━━━━━ Recorded data ━━━━━

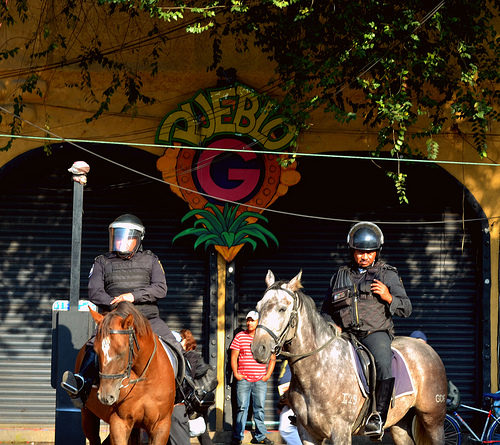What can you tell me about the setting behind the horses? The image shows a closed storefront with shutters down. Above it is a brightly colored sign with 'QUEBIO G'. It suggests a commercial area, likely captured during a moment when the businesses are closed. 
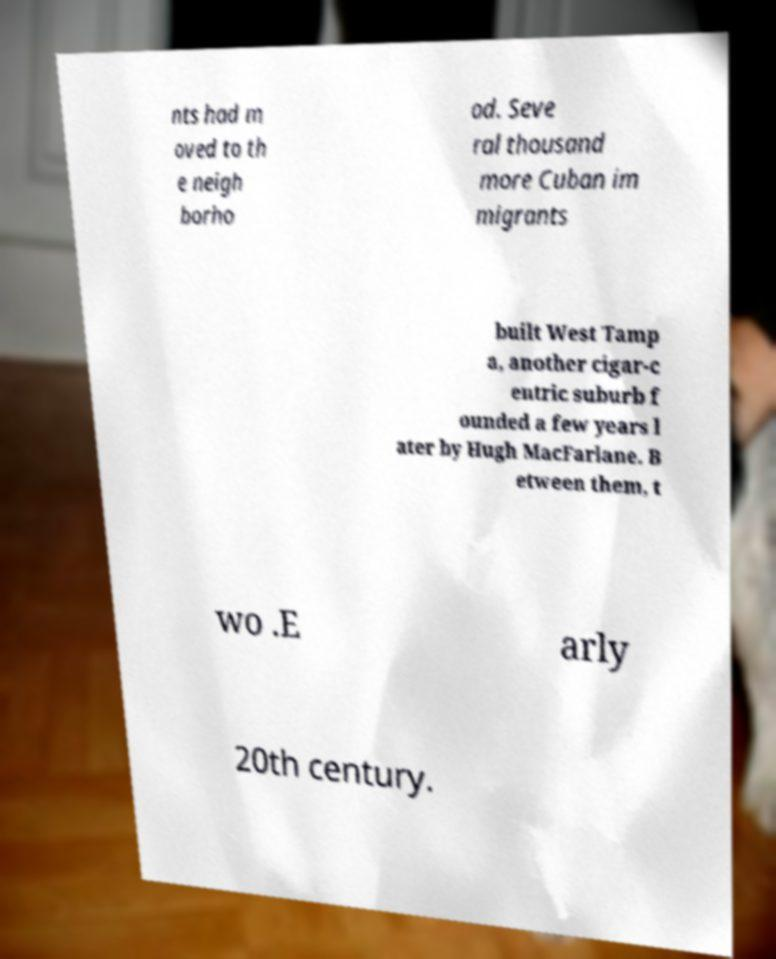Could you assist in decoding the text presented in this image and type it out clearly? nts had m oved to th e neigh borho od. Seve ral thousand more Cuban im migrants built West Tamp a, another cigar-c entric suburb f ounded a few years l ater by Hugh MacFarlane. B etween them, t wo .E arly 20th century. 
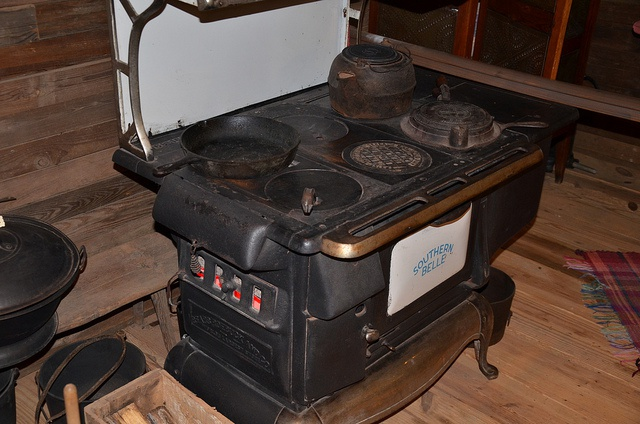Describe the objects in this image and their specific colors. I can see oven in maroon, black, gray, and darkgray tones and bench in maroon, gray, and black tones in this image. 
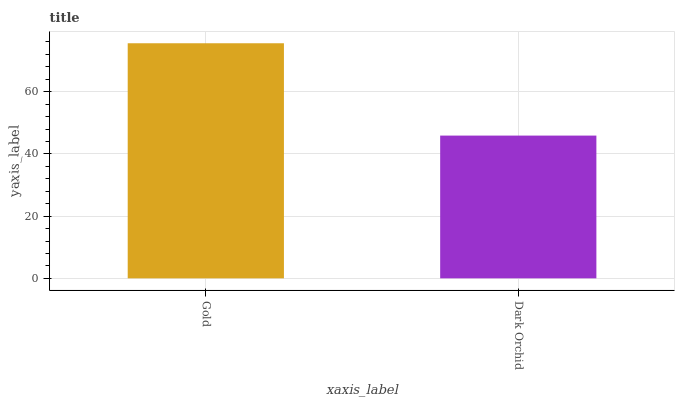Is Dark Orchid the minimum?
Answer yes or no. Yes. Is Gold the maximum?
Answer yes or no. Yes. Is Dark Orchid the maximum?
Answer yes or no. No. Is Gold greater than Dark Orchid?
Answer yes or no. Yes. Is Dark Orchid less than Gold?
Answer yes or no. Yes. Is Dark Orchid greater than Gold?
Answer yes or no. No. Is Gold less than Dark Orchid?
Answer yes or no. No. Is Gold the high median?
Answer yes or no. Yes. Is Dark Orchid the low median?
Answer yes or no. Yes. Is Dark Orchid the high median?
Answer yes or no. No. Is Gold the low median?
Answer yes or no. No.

━━━━━

Exercise instructions:
Give the entries above again, exactly as written and free of images.

Your solution:
What can you tell me about the setting behind the horses? The image shows a closed storefront with shutters down. Above it is a brightly colored sign with 'QUEBIO G'. It suggests a commercial area, likely captured during a moment when the businesses are closed. 
Could you assist in decoding the text presented in this image and type it out clearly? nts had m oved to th e neigh borho od. Seve ral thousand more Cuban im migrants built West Tamp a, another cigar-c entric suburb f ounded a few years l ater by Hugh MacFarlane. B etween them, t wo .E arly 20th century. 
Describe the objects in this image and their specific colors. I can see oven in maroon, black, gray, and darkgray tones and bench in maroon, gray, and black tones in this image. 
Is Dark Orchid the minimum?
Answer yes or no. Yes. Is Gold the maximum?
Answer yes or no. Yes. Is Dark Orchid the maximum?
Answer yes or no. No. Is Gold greater than Dark Orchid?
Answer yes or no. Yes. Is Dark Orchid less than Gold?
Answer yes or no. Yes. Is Dark Orchid greater than Gold?
Answer yes or no. No. Is Gold less than Dark Orchid?
Answer yes or no. No. Is Gold the high median?
Answer yes or no. Yes. Is Dark Orchid the low median?
Answer yes or no. Yes. Is Dark Orchid the high median?
Answer yes or no. No. Is Gold the low median?
Answer yes or no. No.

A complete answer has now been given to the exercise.